4. Converting existing bibliographic record into MARC 21 format record is basically an encoding process and for this we will be using MARC8 encoding scheme. We need to first create a blank marc record file using MARC::Record.new function. And after this we will append data to this file and by using library function MARC::Writer.encode(record) we will get encoded MARC record. The main task in this process is to append data to record. Every record has title, language_id, price, isbn, pages, year and many other fields. From these fields we need to generate leader, directory of tags, fields, sub-field, and field value with the help of MARC 21 format. Once we have these array of data we can use ‘record.append’ function to append it to record.

5. For any changes in existing MARC record first it need to be decoded and after the proper changes it can be again change back to marc record. In another way if we need to add any particular filed and subfield value it can be done through append function.

6. Since there will be a lot of information in a MARC 21 record and all of it may be not useful for a reader so we will restrict the flow of data in view of record. However we need to extract every field of the record as it may contain useful information.

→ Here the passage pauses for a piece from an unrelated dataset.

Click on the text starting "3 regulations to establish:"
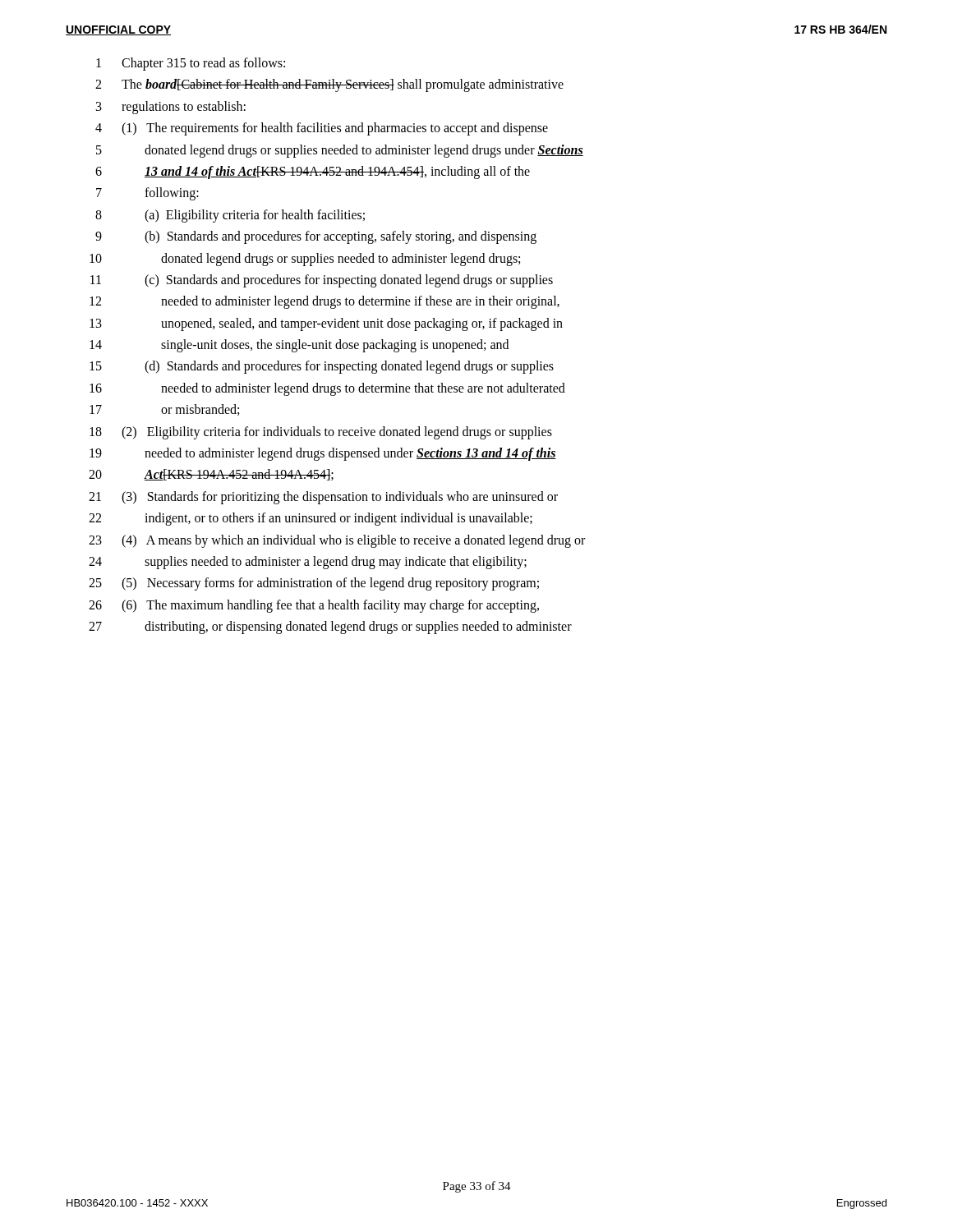The image size is (953, 1232). 171,108

7. For making front end better we can use bootswatch.com themes. Features like how many people liked the record, and how many viewed the record can be made using gem socialization.

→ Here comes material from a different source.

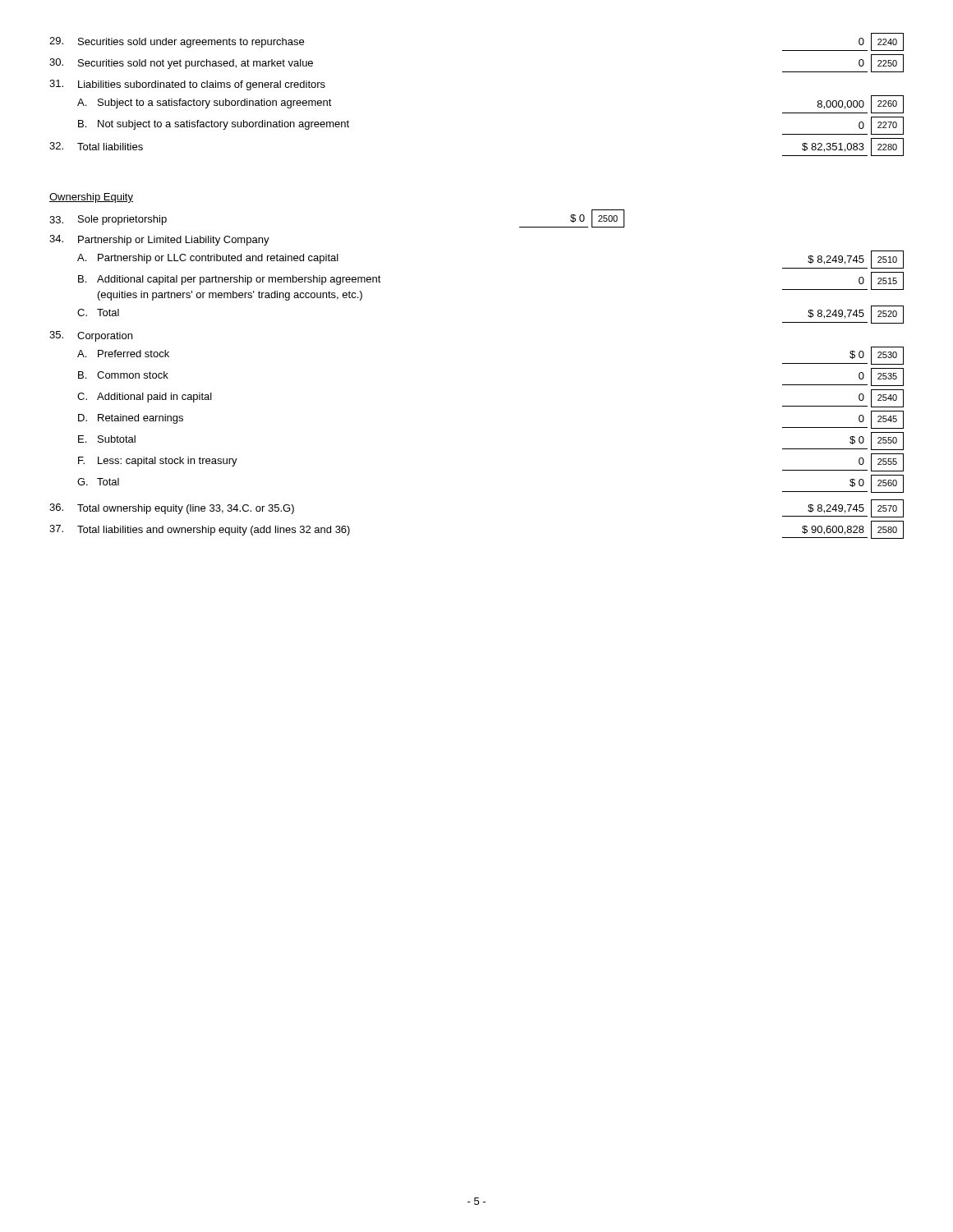Select the text block starting "32. Total liabilities $ 82,351,083 2280"

94,147

8. A small profile for authors and publishers can be introduced which will have fields like name, his books, his qualification etc.

9. Another feature which can be introduced for the books is comment for receiving users review. This can be simply implemented using gem ‘act_as_commentable’.

A rough timeline for your progress with phases

Duration Description Mile Stone
Before May 27 Before Announcement of Candidates Familiarize with the version control system,code,documentation of spell checker module of SILPA, hunspell working and requirements of project.Try hunspell in malayalam and other languages.
May 28 – June 16 Before Official Coding Period Starts To do self coding with python to further improve my understanding of various concepts involved.Start learning hunspell algorithm.During this period I will remain in constant touch with my mentor to be absolutely clear of my future goals.
June 17 – July 3 Official Coding Period Starts Coding,Testing and Debugging of various features in spell checker.

Starts scripting of various suffix and prefix patterns in malayalam. Start writing affix file for hunspell. Presentation of components to mentor weekly.

July 3 - July 31 Preparing for mid term evaluation Do further scripting for inflecting and agglutinating words.

Scripting for different compound words.Ask help from language communities for further scripting.Submission of files to mentor for evaluation.

Aug 1 - Aug 15 After mid term evaluation Refine the scripting as per mentors suggestions.

Scripting for multi level suffix stripping. Making changes so as to improve functionality.

August 16 - August 29 Before Final stage Implement multi suffix stripping property.

Completion of affix and dictionary files. Most of the time will be used for rigorous testing.

August 30 - September 10 Final Stage Documentation of the project.


A buffer of one week has been kept for unpredictable delay.

Tell us something about you have created

1.Event management for www.schoolmitra.com
2.Alert notification on mobile and email
3.Bulletin Board feature for schoolmitra for daily updates of school.
4.A basic beginner blog application http://deepakkeshri.herokuapp.com/

Have you communicated with a potential mentor? If so who?

Yeah I have communicated with Ershad Sir. He was very helping and understanding towards me.